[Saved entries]
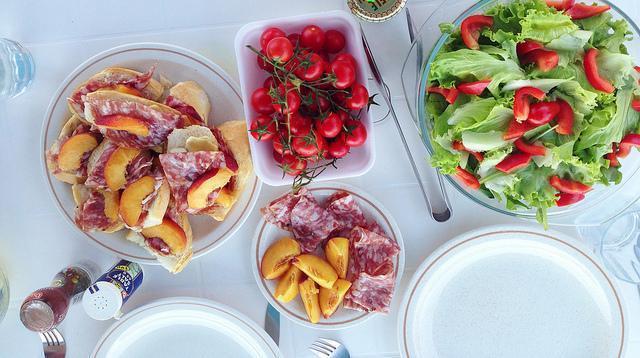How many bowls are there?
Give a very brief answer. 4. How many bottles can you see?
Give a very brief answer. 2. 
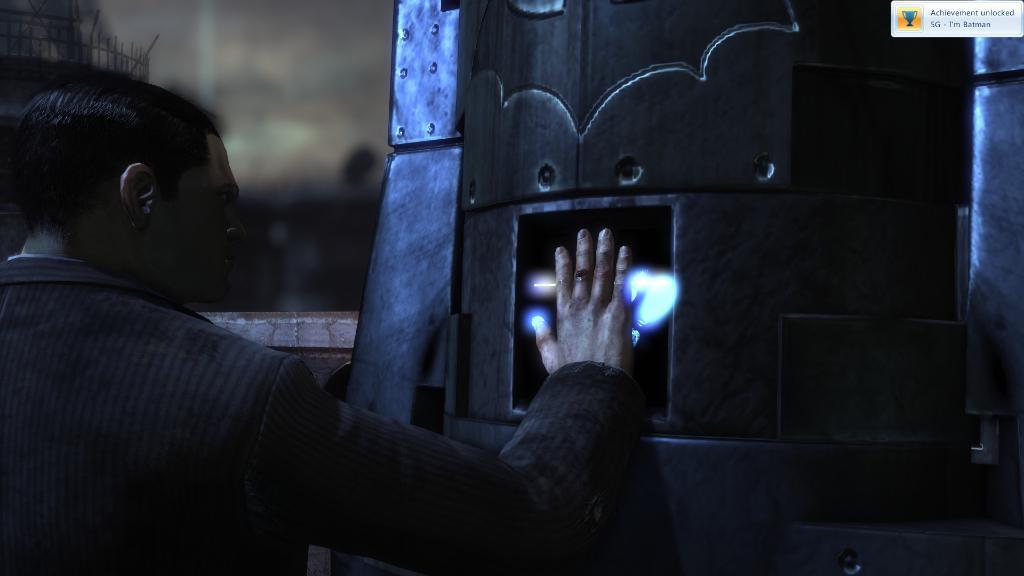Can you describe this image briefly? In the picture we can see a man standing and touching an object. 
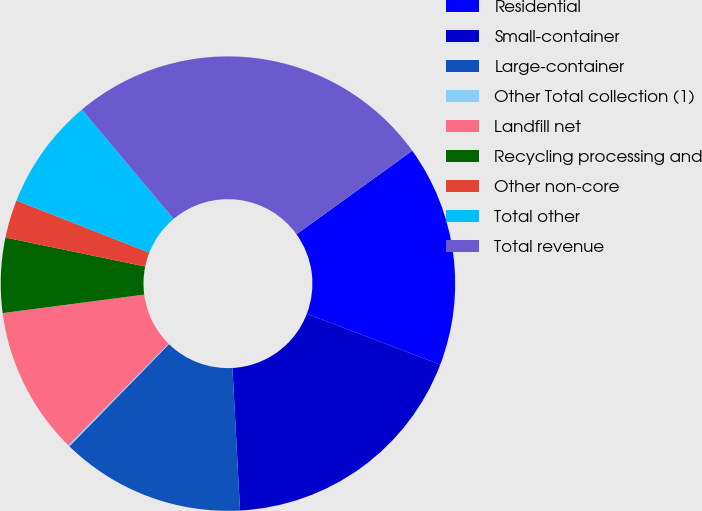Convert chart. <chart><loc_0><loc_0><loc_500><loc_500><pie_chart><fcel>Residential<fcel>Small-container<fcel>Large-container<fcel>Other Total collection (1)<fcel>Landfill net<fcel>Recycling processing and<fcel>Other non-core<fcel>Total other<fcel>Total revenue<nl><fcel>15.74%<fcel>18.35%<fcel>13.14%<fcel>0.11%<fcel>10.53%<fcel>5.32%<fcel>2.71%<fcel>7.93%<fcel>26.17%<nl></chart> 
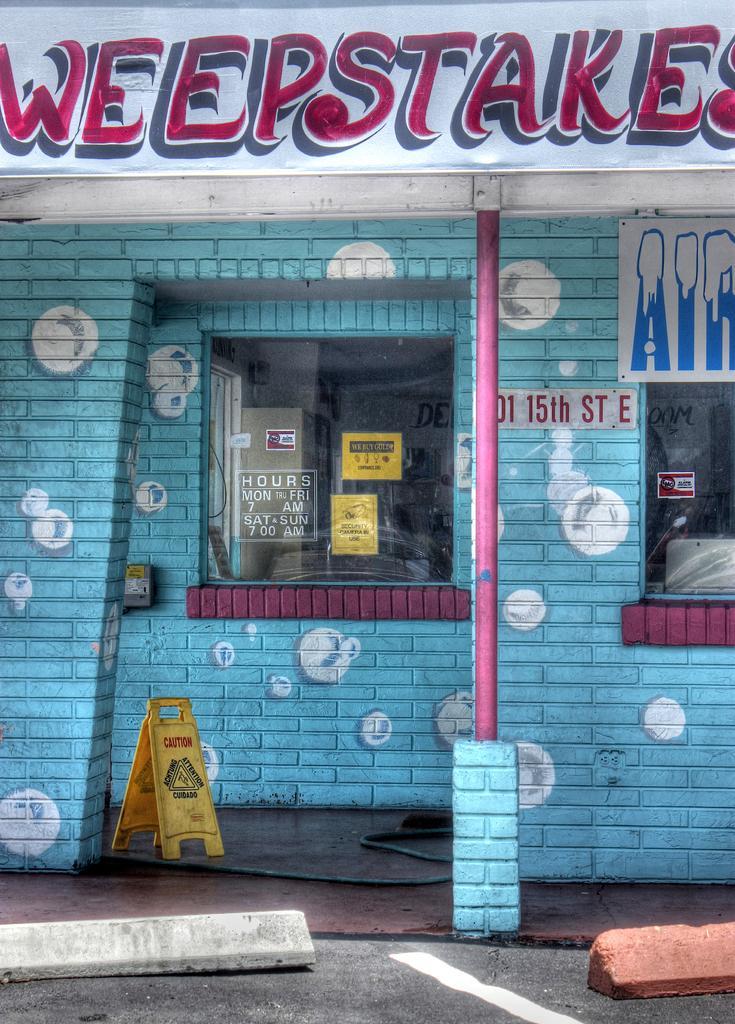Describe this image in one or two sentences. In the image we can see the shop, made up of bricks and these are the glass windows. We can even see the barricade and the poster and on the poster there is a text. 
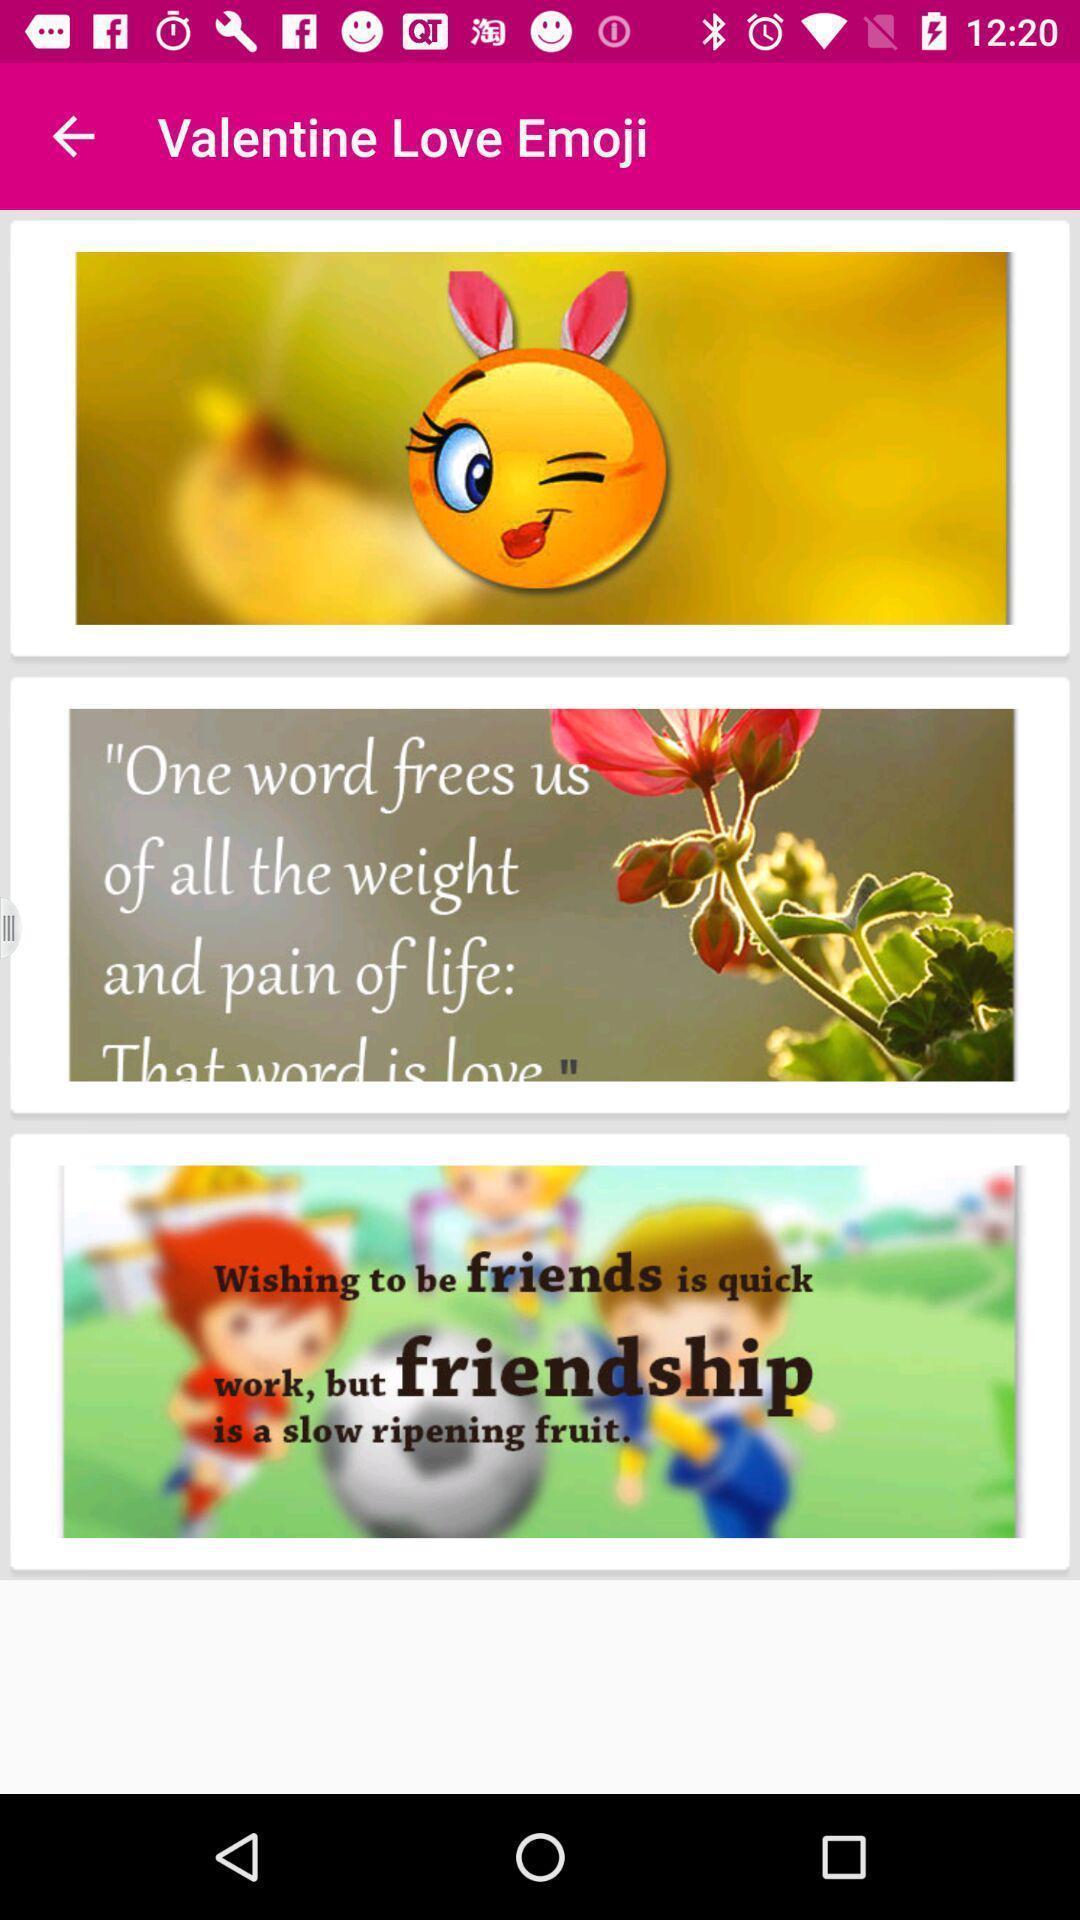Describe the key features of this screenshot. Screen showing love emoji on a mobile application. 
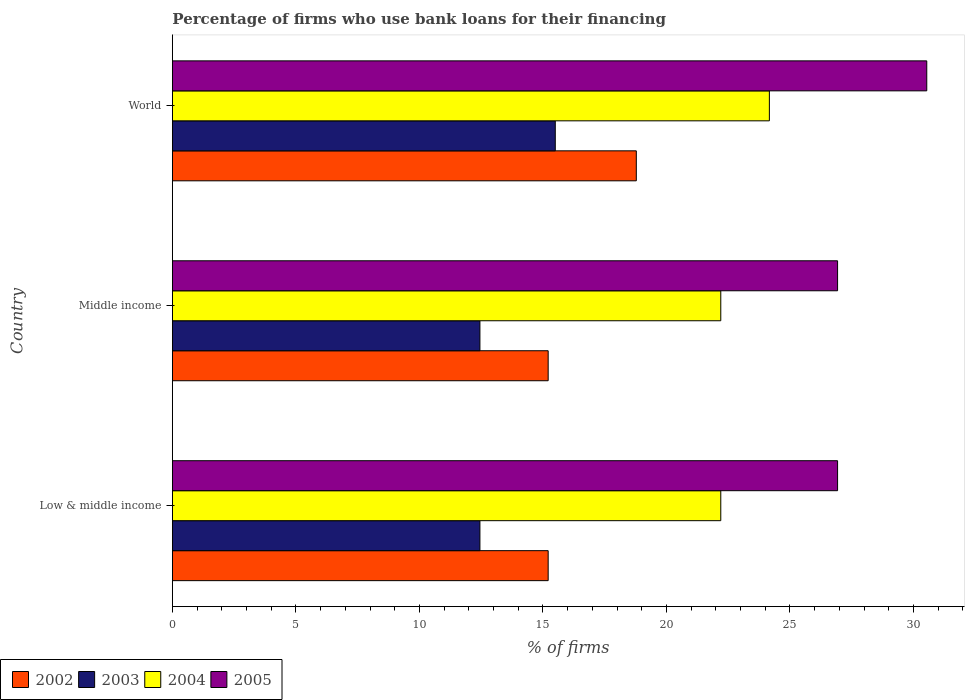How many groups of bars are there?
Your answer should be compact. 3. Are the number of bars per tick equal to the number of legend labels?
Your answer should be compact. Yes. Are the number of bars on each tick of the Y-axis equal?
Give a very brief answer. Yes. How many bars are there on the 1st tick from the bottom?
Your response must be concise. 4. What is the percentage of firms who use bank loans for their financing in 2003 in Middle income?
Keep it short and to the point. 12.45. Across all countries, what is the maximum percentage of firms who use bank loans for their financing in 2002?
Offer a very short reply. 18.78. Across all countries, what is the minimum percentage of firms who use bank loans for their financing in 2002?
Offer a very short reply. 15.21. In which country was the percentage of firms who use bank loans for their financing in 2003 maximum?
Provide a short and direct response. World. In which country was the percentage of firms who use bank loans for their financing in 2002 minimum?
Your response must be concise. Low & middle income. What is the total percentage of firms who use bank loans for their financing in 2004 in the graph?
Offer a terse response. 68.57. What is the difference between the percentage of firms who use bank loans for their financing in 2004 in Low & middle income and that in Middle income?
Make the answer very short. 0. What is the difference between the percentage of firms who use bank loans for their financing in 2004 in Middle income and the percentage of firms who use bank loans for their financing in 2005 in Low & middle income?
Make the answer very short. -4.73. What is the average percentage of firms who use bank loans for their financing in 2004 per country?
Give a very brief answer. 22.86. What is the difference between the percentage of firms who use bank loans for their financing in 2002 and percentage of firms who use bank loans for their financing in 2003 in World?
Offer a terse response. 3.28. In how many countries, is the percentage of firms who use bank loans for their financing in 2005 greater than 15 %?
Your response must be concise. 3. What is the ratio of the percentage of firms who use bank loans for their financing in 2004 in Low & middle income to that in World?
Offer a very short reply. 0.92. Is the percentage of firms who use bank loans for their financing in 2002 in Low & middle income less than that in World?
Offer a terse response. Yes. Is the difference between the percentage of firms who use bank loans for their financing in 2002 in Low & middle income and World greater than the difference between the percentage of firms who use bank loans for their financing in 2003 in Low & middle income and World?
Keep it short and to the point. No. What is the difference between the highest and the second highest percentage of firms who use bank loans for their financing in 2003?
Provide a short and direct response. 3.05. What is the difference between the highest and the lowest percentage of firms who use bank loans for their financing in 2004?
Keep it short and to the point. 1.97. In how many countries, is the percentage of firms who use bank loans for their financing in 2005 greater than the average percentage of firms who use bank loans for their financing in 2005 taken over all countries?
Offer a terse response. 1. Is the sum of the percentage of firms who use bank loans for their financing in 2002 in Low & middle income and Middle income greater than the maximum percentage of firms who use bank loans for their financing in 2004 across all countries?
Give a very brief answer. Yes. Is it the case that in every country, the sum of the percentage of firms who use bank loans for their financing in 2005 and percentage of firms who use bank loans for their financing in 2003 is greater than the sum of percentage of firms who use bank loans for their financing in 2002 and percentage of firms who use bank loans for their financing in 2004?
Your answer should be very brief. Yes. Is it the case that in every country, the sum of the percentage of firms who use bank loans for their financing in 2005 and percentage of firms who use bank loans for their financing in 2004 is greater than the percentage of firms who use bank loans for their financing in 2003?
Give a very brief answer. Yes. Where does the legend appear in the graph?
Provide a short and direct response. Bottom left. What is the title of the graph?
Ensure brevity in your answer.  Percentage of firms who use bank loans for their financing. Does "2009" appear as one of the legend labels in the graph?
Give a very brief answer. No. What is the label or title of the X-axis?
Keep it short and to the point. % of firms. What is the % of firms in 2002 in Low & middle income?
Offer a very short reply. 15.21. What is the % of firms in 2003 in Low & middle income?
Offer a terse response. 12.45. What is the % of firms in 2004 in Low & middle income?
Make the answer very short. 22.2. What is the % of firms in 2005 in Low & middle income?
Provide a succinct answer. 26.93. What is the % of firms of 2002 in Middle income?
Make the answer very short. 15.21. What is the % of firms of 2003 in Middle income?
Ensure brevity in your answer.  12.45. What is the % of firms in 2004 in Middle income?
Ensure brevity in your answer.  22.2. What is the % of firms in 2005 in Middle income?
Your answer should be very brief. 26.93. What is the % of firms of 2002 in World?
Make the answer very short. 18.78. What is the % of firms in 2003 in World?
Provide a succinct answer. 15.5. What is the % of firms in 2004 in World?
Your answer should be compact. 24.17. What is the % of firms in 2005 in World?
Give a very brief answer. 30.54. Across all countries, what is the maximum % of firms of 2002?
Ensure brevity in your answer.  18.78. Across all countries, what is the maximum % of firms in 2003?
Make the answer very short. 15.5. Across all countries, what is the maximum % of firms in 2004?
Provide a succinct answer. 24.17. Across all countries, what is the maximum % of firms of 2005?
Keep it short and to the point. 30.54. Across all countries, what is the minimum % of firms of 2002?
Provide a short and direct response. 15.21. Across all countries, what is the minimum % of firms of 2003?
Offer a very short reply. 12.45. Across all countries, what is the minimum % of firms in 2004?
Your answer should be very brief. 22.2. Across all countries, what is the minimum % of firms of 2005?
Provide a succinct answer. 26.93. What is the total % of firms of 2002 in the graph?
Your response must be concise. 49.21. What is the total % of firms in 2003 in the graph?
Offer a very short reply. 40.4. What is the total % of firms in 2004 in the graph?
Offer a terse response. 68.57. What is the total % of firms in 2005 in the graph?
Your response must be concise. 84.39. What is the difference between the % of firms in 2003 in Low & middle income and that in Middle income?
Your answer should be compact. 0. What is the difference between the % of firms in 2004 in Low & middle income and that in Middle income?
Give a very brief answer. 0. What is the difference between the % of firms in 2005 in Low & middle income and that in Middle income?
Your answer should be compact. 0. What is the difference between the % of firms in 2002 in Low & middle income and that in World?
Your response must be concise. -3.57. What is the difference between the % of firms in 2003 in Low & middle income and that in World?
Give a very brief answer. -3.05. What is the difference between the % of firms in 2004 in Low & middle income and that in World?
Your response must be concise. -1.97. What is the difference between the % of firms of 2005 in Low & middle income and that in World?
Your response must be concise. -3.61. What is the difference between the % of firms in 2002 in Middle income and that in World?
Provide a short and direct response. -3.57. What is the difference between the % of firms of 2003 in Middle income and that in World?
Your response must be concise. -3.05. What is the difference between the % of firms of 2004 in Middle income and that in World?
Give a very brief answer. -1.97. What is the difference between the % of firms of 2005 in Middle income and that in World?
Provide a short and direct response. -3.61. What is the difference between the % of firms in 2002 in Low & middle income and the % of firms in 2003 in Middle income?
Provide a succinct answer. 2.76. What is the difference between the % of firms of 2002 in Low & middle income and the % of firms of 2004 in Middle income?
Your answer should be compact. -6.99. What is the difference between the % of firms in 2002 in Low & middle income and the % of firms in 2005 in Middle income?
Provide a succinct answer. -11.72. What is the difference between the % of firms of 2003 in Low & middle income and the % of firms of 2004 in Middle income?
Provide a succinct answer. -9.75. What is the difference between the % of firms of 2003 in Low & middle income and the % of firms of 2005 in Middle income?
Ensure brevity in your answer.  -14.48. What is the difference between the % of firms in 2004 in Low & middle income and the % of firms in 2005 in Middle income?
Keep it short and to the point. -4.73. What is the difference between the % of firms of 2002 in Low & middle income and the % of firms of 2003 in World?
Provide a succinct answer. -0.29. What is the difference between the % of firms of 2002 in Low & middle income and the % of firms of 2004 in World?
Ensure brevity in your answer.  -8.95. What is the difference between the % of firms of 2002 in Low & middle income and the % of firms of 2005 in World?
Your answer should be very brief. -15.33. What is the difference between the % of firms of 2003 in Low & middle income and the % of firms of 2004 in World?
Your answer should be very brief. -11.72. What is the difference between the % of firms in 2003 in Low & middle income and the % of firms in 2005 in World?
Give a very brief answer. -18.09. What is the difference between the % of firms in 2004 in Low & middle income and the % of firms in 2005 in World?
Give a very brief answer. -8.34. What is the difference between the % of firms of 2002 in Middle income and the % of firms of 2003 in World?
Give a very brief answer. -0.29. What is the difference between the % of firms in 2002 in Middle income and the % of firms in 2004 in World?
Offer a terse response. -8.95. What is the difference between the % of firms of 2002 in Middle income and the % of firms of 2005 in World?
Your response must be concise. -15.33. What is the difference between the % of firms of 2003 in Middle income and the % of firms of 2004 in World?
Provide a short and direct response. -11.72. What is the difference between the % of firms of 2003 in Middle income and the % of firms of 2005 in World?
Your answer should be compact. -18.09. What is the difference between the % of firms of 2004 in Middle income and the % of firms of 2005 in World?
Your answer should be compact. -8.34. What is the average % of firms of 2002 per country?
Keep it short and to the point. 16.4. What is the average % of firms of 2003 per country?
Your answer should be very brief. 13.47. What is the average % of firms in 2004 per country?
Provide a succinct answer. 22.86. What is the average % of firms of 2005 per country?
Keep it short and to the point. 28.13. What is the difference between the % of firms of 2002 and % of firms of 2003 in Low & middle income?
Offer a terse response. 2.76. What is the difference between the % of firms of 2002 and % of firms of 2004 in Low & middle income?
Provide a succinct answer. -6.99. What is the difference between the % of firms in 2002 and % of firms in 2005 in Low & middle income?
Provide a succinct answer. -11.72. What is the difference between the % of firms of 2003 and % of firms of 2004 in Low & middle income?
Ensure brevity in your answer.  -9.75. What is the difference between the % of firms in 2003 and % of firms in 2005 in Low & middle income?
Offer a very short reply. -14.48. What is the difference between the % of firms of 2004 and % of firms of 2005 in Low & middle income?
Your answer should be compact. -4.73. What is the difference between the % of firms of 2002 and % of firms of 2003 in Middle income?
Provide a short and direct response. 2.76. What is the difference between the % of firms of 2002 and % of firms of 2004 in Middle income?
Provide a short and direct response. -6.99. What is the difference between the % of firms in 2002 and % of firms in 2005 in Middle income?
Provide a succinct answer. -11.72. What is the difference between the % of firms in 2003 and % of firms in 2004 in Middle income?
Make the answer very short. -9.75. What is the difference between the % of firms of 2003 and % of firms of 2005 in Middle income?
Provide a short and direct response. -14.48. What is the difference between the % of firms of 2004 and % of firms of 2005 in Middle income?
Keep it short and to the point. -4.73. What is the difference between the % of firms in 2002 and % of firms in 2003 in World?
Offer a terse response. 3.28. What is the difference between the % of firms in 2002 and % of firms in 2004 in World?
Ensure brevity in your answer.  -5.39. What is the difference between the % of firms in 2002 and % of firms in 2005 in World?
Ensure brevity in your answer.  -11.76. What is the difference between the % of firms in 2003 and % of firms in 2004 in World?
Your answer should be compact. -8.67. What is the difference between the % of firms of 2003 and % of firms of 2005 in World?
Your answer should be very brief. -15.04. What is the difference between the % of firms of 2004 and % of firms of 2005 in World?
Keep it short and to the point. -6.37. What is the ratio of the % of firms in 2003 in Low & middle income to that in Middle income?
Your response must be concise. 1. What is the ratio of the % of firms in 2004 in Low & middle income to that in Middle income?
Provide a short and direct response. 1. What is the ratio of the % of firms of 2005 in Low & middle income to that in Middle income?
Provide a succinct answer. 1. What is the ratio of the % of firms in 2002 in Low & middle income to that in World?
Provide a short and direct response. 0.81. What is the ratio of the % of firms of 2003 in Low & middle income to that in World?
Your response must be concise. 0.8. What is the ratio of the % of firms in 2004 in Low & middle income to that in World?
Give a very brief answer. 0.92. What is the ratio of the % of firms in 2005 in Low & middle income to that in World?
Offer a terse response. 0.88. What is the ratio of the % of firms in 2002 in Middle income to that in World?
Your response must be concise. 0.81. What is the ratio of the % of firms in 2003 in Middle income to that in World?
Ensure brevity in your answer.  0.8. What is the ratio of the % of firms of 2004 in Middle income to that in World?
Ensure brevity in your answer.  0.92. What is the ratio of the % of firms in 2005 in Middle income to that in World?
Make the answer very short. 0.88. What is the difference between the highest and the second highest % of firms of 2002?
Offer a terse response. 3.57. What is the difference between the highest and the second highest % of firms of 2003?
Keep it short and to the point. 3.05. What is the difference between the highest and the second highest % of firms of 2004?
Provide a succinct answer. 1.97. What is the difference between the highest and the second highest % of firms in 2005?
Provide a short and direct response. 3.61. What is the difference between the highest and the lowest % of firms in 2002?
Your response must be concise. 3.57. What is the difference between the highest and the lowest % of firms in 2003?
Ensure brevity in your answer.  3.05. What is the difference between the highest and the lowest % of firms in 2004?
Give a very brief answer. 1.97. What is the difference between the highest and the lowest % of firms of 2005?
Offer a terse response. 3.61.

REQUIRED WORK:
Exactly and only the lines from the top of the records down to the line containing "How many groups of bars are there?" should be transcribed, please, without the pictures.

COMPLETED TASK:
How many bowls are there?
Give a very brief answer. 4. How many bottles can you see?
Give a very brief answer. 2. 
Can you describe this image briefly? In the picture we can see a man standing and touching an object. 
Convert chart. <chart><loc_0><loc_0><loc_500><loc_500><pie_chart><fcel>Residential<fcel>Small-container<fcel>Large-container<fcel>Other Total collection (1)<fcel>Landfill net<fcel>Recycling processing and<fcel>Other non-core<fcel>Total other<fcel>Total revenue<nl><fcel>15.74%<fcel>18.35%<fcel>13.14%<fcel>0.11%<fcel>10.53%<fcel>5.32%<fcel>2.71%<fcel>7.93%<fcel>26.17%<nl></chart> 
Describe this image in one or two sentences. In the image we can see the shop, made up of bricks and these are the glass windows. We can even see the barricade and the poster and on the poster there is a text. 
Describe the key features of this screenshot. Screen showing love emoji on a mobile application. 
How many groups of bars are there?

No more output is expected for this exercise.